No dia do jogo 6 das finais da NBA de 2008 entre Lakers e Celtics, o Artest estava lá em Boston assistindo a partida. Como vocês se lembram bem o Celtics venceu por 39 pontos de vantagem e levou o caneco. O Kobe, emputecido com a chance desperdiçada, foi para o vestiário tomar seu último banho da temporada e lá, pelado, se ensaboando, encontrou Ron Artest.
O ala que então ainda estava no Sacramento Kings tinha invadido o vestiário do Lakers para encontrar o Kobe. Olhou-o nos olhos e disse: “Eu quero te ajudar. Se eu puder vou dar um jeito de ir para Los Angeles e te dar a ajuda necessária para um título”. Primeiro Artest passou uma temporada no Rockets, mas agora, como Free Agent, foi lá cumprir o que tinha prometido a um Kobe nu e perplexo.
Alguns devem estar confusos por lembrarem dos confrontos entre Kobe e Artest na temporada passada, recheados de provocações, empurrões e faltas técnicas. Mas acreditem, o Artest estava só se divertindo, já falamos sobre isso nesse post aqui, ele gosta do desafio de enfrentar o Kobe, de provocá-lo, de tentar levá-lo ao limite. Aqui tem um relato de um jogo entre Kings e Jazz feito pelo Danilo que o fará entender completamente como o Artest se relaciona com o basquete e com esses desafios dentro da quadra: sua paixão pelo basquete e sua diversão ao jogar são mascaradas como loucura, como falta de educação. Na verdade ele só não é comum.
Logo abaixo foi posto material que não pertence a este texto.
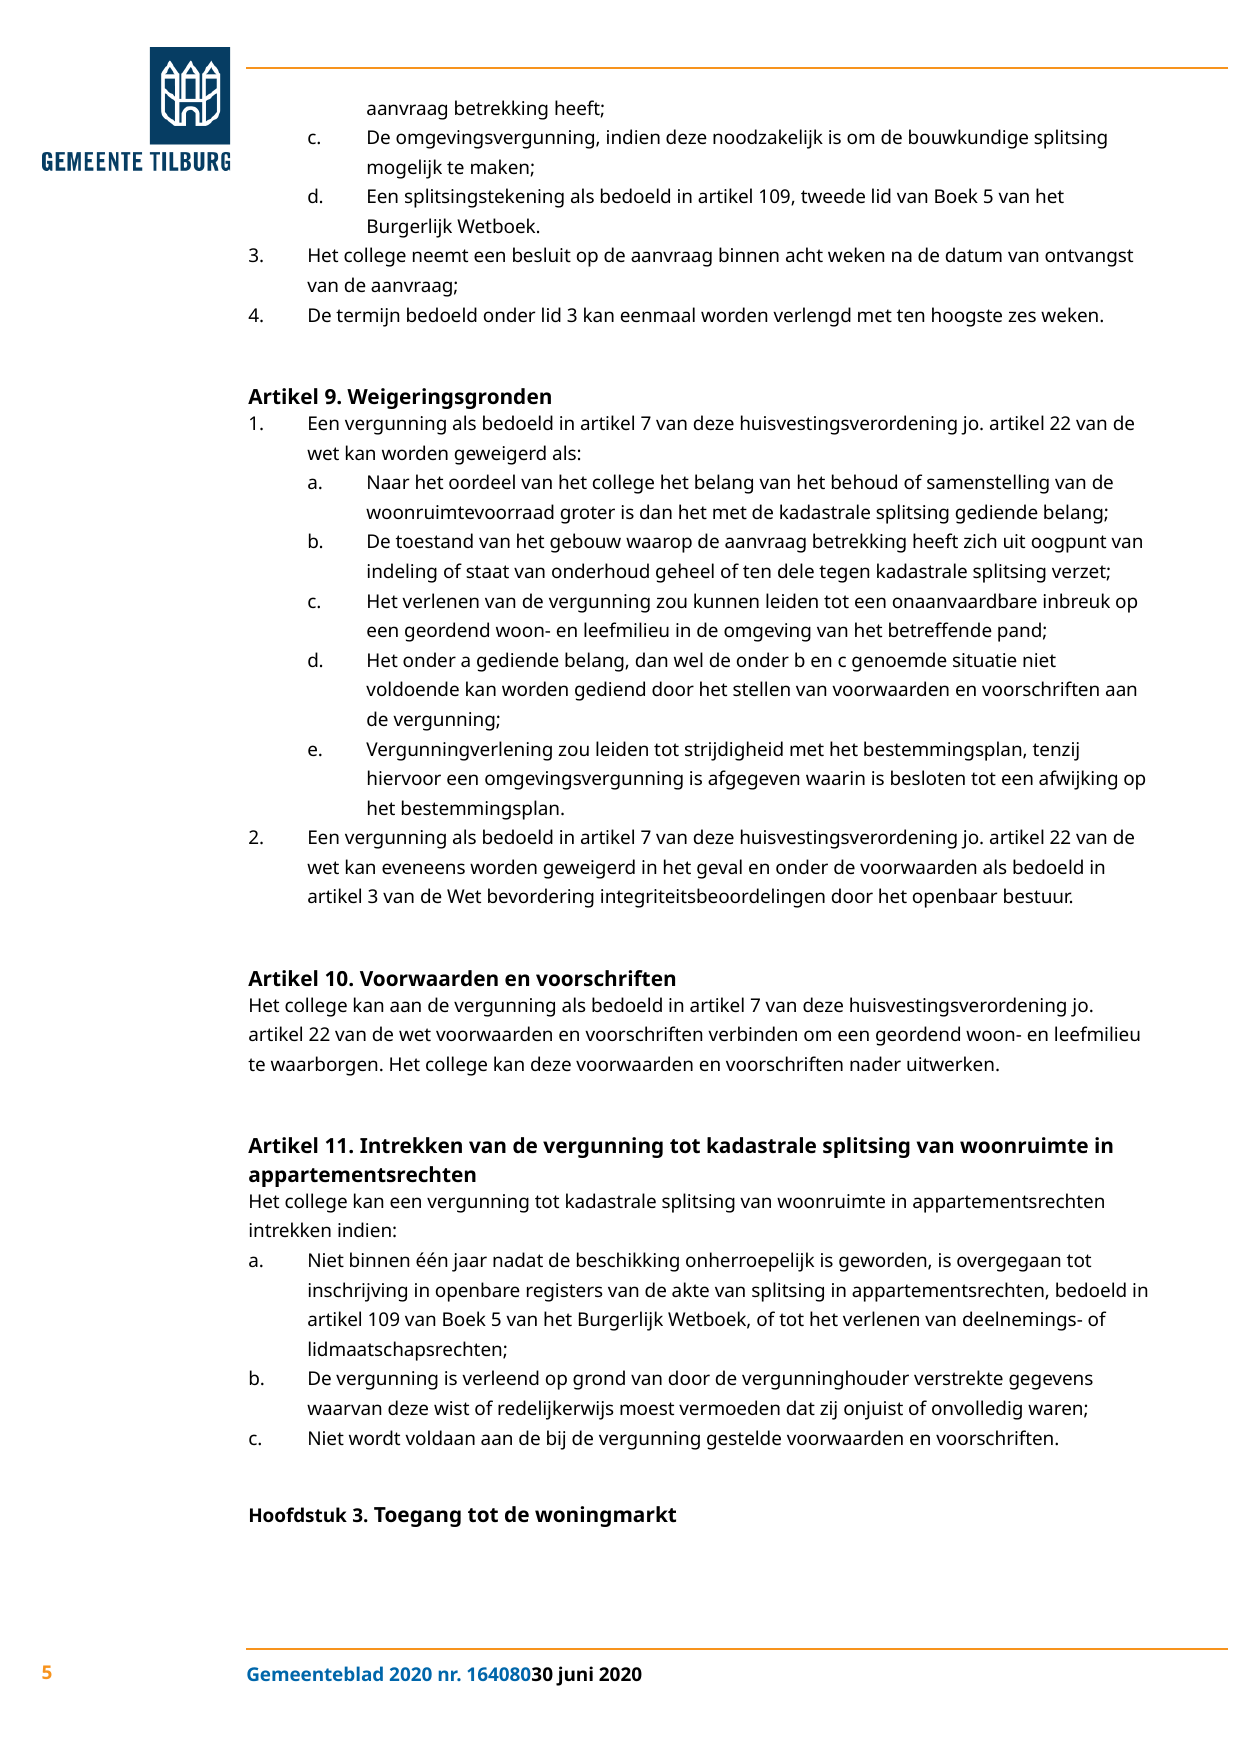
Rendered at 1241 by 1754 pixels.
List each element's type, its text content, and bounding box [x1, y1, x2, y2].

text Het college kan aan de vergunning als bedoeld in artikel 7 van deze huisvestingsverordening jo. artikel 22 van de wet voorwaarden en voorschriften verbinden om een geordend woon- en leefmilieu te waarborgen. Het college kan deze voorwaarden en voorschriften nader uitwerken. [248, 992, 1152, 1077]
list De vergunning is verleend op grond van door de vergunninghouder verstrekte gegevens waarvan deze wist of redelijkerwijs moest vermoeden dat zij onjuist of onvolledig waren; [248, 1366, 1152, 1421]
list Een vergunning als bedoeld in artikel 7 van deze huisvestingsverordening jo. artikel 22 van de wet kan worden geweigerd als: [248, 410, 1152, 466]
list Niet wordt voldaan aan de bij de vergunning gestelde voorwaarden en voorschriften. [248, 1425, 1152, 1451]
list Het onder a gediende belang, dan wel de onder b en c genoemde situatie niet voldoende kan worden gediend door het stellen van voorwaarden en voorschriften aan de vergunning; [307, 647, 1152, 732]
list Niet binnen één jaar nadat de beschikking onherroepelijk is geworden, is overgegaan tot inschrijving in openbare registers van de akte van splitsing in appartementsrechten, bedoeld in artikel 109 van Boek 5 van het Burgerlijk Wetboek, of tot het verlenen van deelnemings- of lidmaatschapsrechten; [248, 1247, 1152, 1362]
list De omgevingsvergunning, indien deze noodzakelijk is om de bouwkundige splitsing mogelijk te maken; [307, 124, 1152, 180]
list De toestand van het gebouw waarop de aanvraag betrekking heeft zich uit oogpunt van indeling of staat van onderhoud geheel of ten dele tegen kadastrale splitsing verzet; [307, 529, 1152, 584]
text Artikel 9. Weigeringsgronden [248, 382, 1152, 410]
list De termijn bedoeld onder lid 3 kan eenmaal worden verlengd met ten hoogste zes weken. [248, 302, 1152, 328]
text Artikel 10. Voorwaarden en voorschriften [248, 964, 1152, 992]
text Het college kan een vergunning tot kadastrale splitsing van woonruimte in appartementsrechten intrekken indien: [248, 1188, 1152, 1243]
list Het college neemt een besluit op de aanvraag binnen acht weken na de datum van ontvangst van de aanvraag; [248, 243, 1152, 298]
list Een vergunning als bedoeld in artikel 7 van deze huisvestingsverordening jo. artikel 22 van de wet kan eveneens worden geweigerd in het geval en onder de voorwaarden als bedoeld in artikel 3 van de Wet bevordering integriteitsbeoordelingen door het openbaar bestuur. [248, 824, 1152, 909]
picture [41, 47, 231, 172]
list Vergunningverlening zou leiden tot strijdigheid met het bestemmingsplan, tenzij hiervoor een omgevingsvergunning is afgegeven waarin is besloten tot een afwijking op het bestemmingsplan. [307, 736, 1152, 821]
list Een splitsingstekening als bedoeld in artikel 109, tweede lid van Boek 5 van het Burgerlijk Wetboek. [307, 183, 1152, 239]
text Artikel 11. Intrekken van de vergunning tot kadastrale splitsing van woonruimte in appartementsrechten [248, 1131, 1152, 1188]
list Het verlenen van de vergunning zou kunnen leiden tot een onaanvaardbare inbreuk op een geordend woon- en leefmilieu in de omgeving van het betreffende pand; [307, 588, 1152, 643]
list aanvraag betrekking heeft; [307, 95, 1152, 121]
text Hoofdstuk 3. Toegang tot de woningmarkt [248, 1500, 1152, 1528]
list Naar het oordeel van het college het belang van het behoud of samenstelling van de woonruimtevoorraad groter is dan het met de kadastrale splitsing gediende belang; [307, 469, 1152, 525]

Mais coisas que o tornam único? Ao invés de posts clichês no Twitter ou aparições em shownerais, quando o Michael Jackson morreu o Ron Ron resolveu homenageá-lo com um rap que foi terrivelmente criticado e para alguns “a pior música já feita”. E ainda usará número 37 no Lakers, o número de semanas que a música “Thriller” ficou no topo das paradas norte-americanas.
E isso não é de agora, suas histórias são desde o seus tempos de Indiana. Uma vez ele apareceu só de roupão num treino do Pacers só para mostrar que estava pegando leve nos treinos ao voltar de uma contusão. E ainda já chegou a pedir um mês de férias, no meio da temporada, para sair em turnê para promover seu disco de rap. Sua justificativa é que o time era bom, poderia ir aos playoffs sem ele e que para o mata-mata, que era o que realmente interessava, ele estaria pronto.
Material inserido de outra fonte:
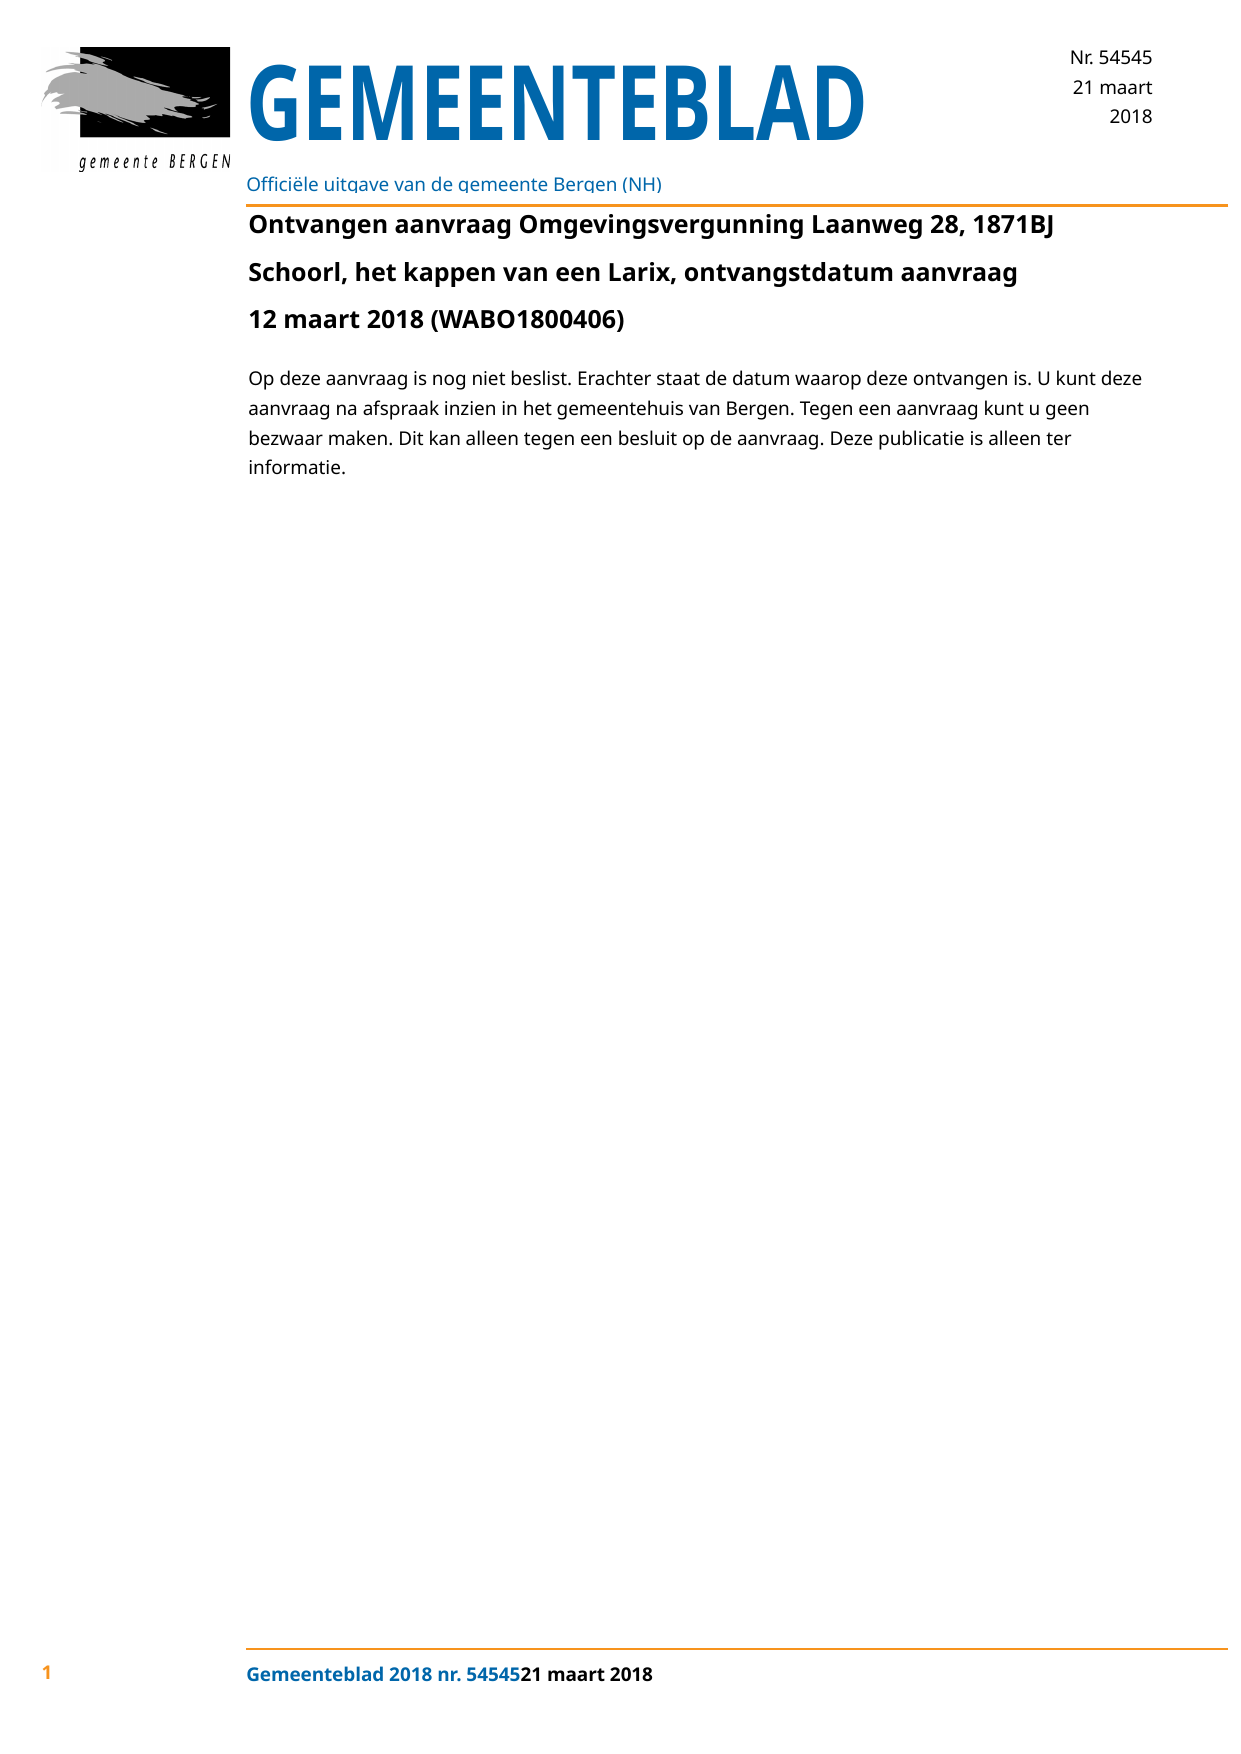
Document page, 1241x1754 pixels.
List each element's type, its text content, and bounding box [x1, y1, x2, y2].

E vocês já viram ele cantando? Sente o drama:

Até um tempo atrás eu só tinha visto o Artest cantar uma vez, quando fez um pedido de desculpas em forma de música após ter abaixado as calças do Paul Pierce no meio de um jogo. Segundo o Artest, o Pierce estava acabando com ele e então tinha que fazer alguma coisa para pará-lo. Simples assim.
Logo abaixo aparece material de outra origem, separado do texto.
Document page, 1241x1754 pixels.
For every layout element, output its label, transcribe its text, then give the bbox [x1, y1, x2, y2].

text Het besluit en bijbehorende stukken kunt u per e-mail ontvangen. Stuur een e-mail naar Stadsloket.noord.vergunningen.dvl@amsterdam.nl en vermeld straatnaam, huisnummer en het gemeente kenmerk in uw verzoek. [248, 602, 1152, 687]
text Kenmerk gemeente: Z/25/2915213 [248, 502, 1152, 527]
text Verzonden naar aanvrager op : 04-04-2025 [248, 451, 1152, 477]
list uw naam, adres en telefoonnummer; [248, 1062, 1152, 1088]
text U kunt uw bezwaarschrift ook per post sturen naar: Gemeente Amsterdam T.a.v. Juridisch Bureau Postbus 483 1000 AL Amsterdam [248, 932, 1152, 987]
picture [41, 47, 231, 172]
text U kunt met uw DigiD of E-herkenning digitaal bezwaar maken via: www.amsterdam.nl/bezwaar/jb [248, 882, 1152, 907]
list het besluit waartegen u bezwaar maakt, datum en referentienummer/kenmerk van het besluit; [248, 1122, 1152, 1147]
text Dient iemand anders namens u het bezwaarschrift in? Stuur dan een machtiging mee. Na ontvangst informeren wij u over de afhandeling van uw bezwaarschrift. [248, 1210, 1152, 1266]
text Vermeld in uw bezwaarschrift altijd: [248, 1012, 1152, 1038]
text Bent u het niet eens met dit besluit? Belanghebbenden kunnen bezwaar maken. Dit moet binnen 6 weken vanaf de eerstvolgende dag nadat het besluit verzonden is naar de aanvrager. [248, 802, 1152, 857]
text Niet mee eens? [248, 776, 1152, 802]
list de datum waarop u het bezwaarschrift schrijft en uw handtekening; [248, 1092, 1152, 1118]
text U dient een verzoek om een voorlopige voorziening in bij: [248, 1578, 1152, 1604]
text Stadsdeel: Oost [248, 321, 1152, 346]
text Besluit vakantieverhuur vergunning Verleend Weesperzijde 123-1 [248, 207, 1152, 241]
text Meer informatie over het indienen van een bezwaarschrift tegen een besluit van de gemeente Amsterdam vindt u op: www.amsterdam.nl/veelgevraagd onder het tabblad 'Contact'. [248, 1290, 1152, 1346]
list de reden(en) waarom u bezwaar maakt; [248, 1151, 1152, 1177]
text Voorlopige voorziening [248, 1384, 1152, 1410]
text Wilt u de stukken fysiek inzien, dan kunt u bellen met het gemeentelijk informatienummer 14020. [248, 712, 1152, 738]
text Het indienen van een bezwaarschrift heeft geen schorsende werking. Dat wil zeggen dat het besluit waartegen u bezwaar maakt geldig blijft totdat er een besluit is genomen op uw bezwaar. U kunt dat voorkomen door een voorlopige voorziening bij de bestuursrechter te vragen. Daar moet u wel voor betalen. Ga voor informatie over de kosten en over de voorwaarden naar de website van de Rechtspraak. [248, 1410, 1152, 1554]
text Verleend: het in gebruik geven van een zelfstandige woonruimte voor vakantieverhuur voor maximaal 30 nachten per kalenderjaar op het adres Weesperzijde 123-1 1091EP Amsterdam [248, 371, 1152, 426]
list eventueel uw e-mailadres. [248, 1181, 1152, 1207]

Um personagem é uma representação de um ser humano numa obra de arte, num livro por exemplo. Para nós que acompanhamos a NBA de longe, sem ter contato com ninguém de lá, ela se torna uma obra de arte, um produto com preocupações estéticas e que conta uma história.
Essa história tem vários tipos de personagens que a própria NBA, a mídia e nós mesmos vamos moldando para que eles pareçam mais caricatos e menos humanos. O Kobe não tem a mesma graça se parecer menos obstinado a vencer, o Arenas não tem a mesma graça se aparece um dia mal humorado.
Na distribuição de papéis coube ao Ron Artest ser o outsider, o que não se encaixa. O cara excêntrico de temperamento imprevisível que pode estragar a química de um time.
Mas olhe de novo todas essas histórias singulares que acabei de contar e perceba que, na verdade, ele é só um cara real. Alguém que briga num momento tenso, que se diverte quando faz o que gosta, que se motiva dentro de uma competição e que tenta se divertir. Falando assim dá até pra se identificar, não é?
As histórias pouco convencionais do Artest são divertidíssimas e animam o folclore da NBA, alimentam o personagem exótico que querem que ele seja e que abraçamos pela necessidade que temos de ver a NBA como algo mágico, inalcansável. Mas ele se torna meu personagem favorito porque parece estranhamente real. No fim das contas nós, pessoas comuns, nos vemos em Ron Artest. E isso também fascina.